Notably, both Weed et al.29 and Böttcher et al.22 utilized MATLAB to perform their wearable analyses. However, we believe that Python’s scalability, open-source nature, larger community, and easier integration with other technologies, along with cost-effectiveness and flexibility, is a more suitable choice.
Participant data entry challenges
In this section, human- and application-related data entry challenges of wearable monitoring studies are covered.
Challenge 1: participant compliance
Participant motivation to wear a wearable device, interact with questionnaires, and submit events of interest is crucial for obtaining a qualitative dataset.
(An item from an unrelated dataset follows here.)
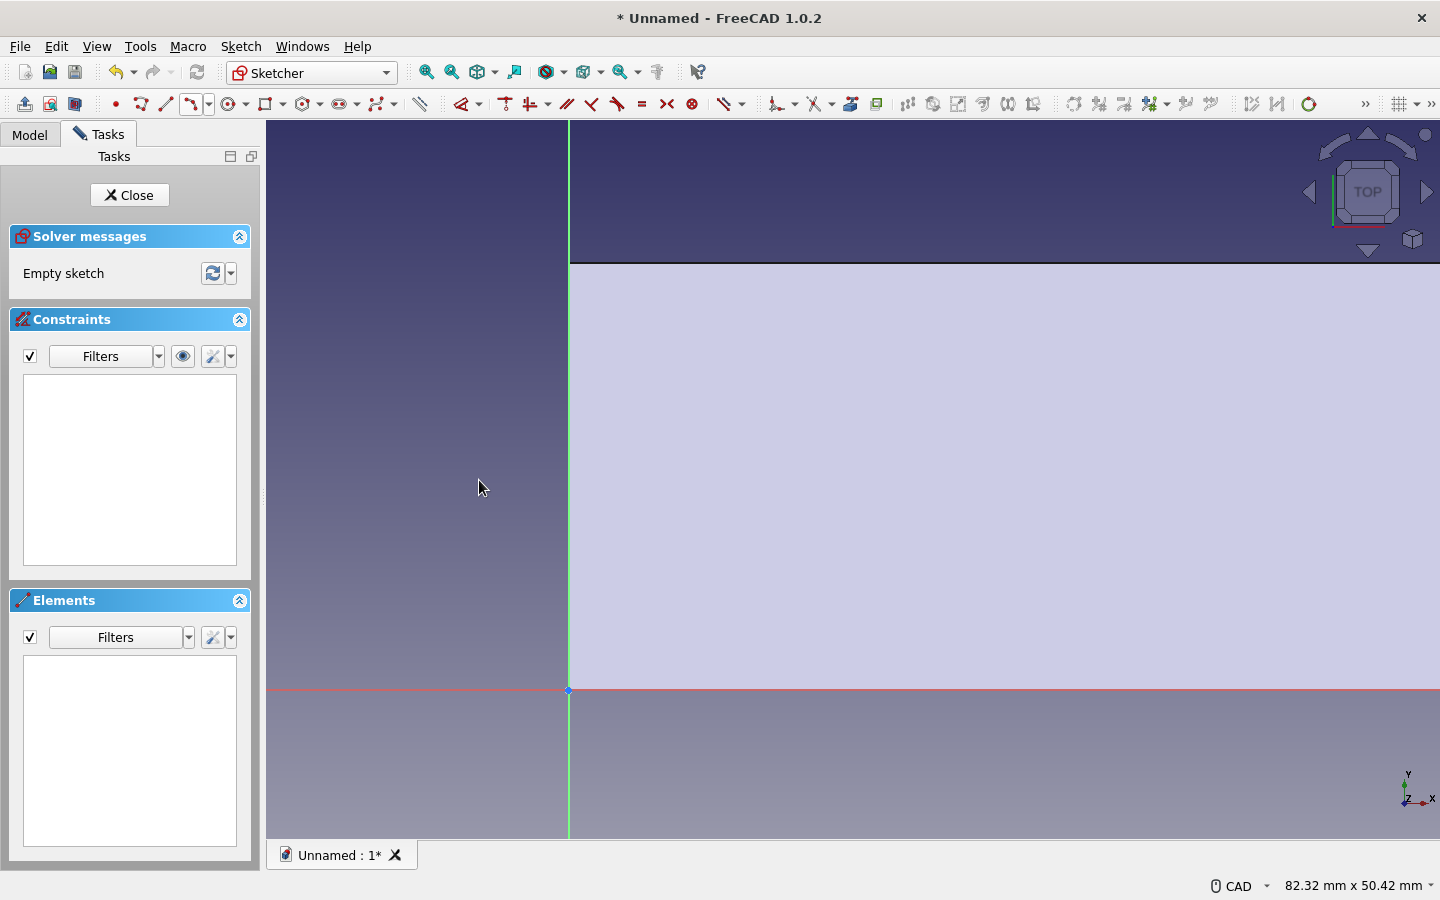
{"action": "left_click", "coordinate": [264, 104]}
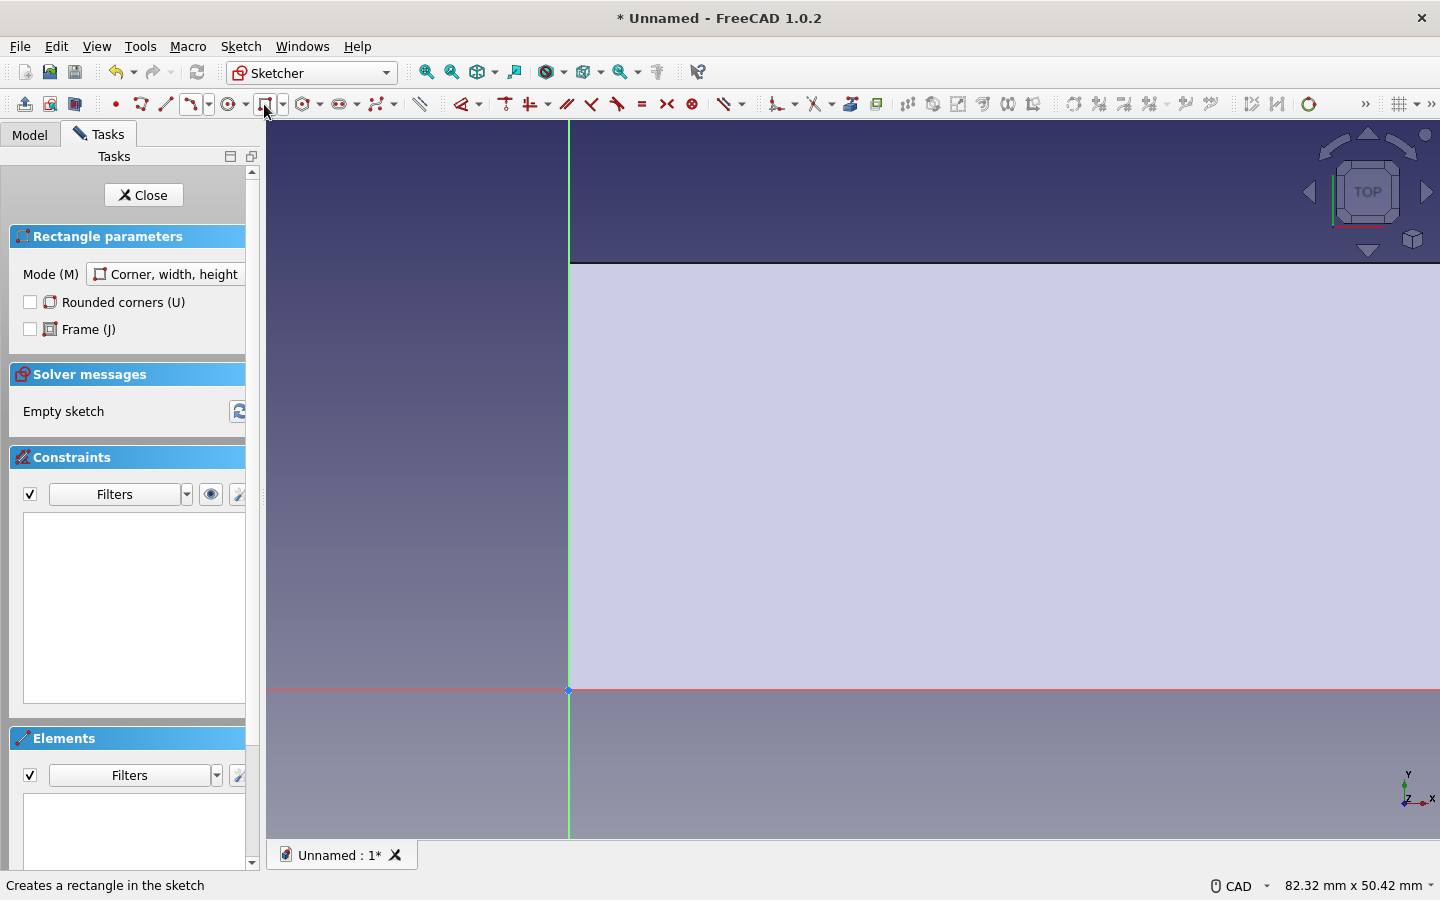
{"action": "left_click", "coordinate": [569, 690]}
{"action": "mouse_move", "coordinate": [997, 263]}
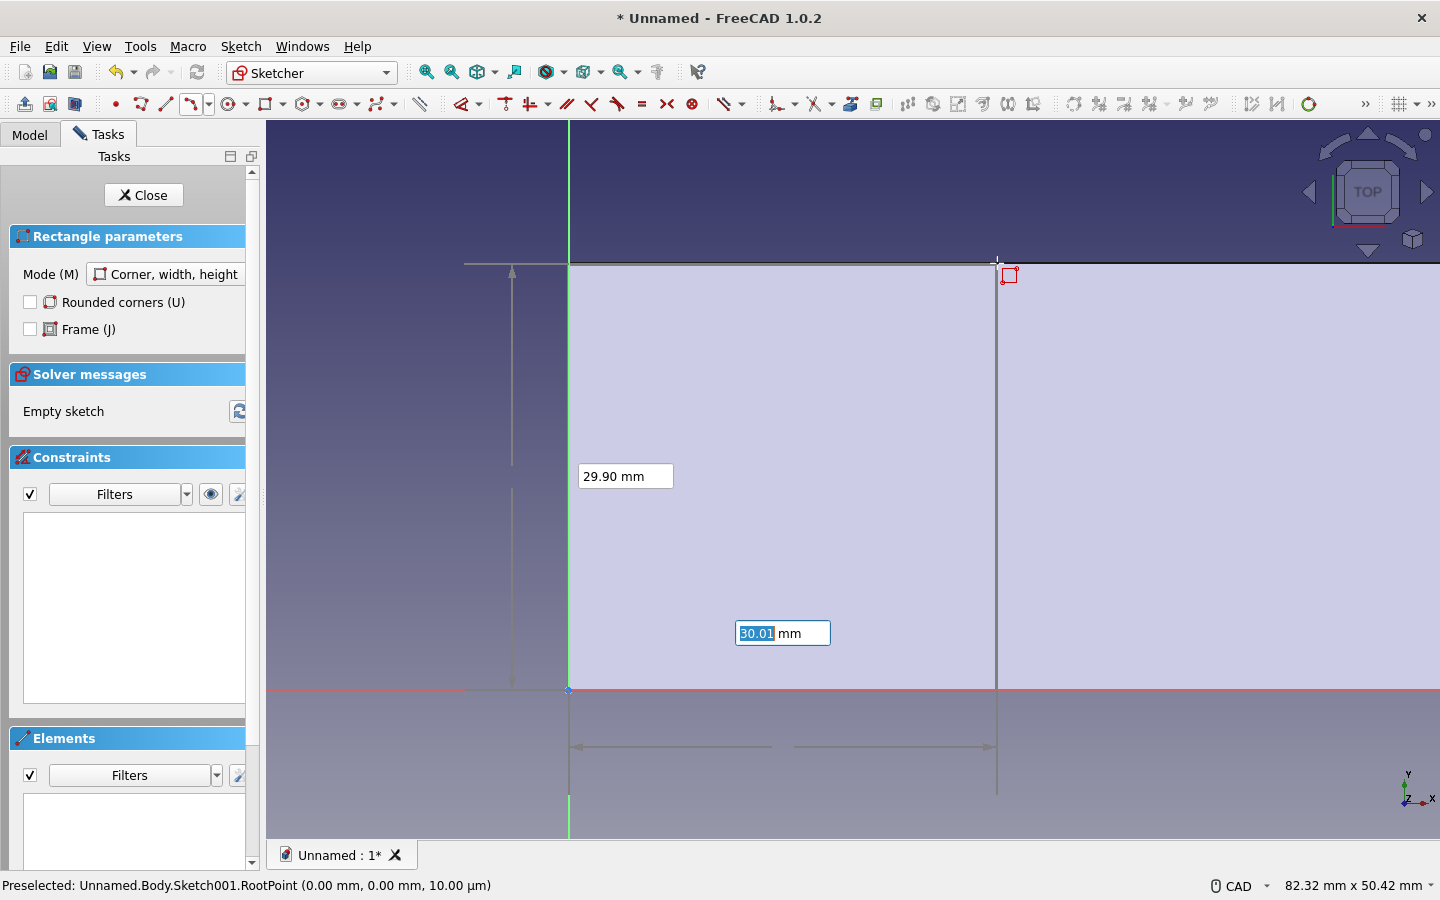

However, as seen in numerous cases, including our own mBrain study9, motivation and study interaction tend to decrease over time20,30. This decline can be attributed to several factors, including inconvenient wearable connection processes, wearable design aesthetics, frequent or poorly timed EMA collection, and a negative user experience with the study (including adverse reactions to the wearable device).
To minimize user burden, each labor-intensive component, including wearable use and EMAs, should target the core goal of the research, with minimal overhead20,31. Frequent or long-term manual data entry can lead to response fatigue, reducing data quality and accuracy32. Maintaining participant commitment throughout the study is essential for high-quality data and labels, both in frequency and completeness20. Automated input processing, through digitally acquiring user data via structured forms on smartphones is a valid alternative to traditional double manual data entry33. Additionally, strategies such as incremental rewards34,35, gamification36,37, and periodic contact with participants38 can help sustain motivation. Lastly, querying participants about their experiences, feelings, and gains from participating at the study's conclusion can provide valuable insights into maintaining long-term engagement.
Countermeasures
From a data science perspective, several solutions can be devised to address these challenges. For instance, compliance-based visualizations have been utilized to assess participant interactions during ambulatory monitoring studies20.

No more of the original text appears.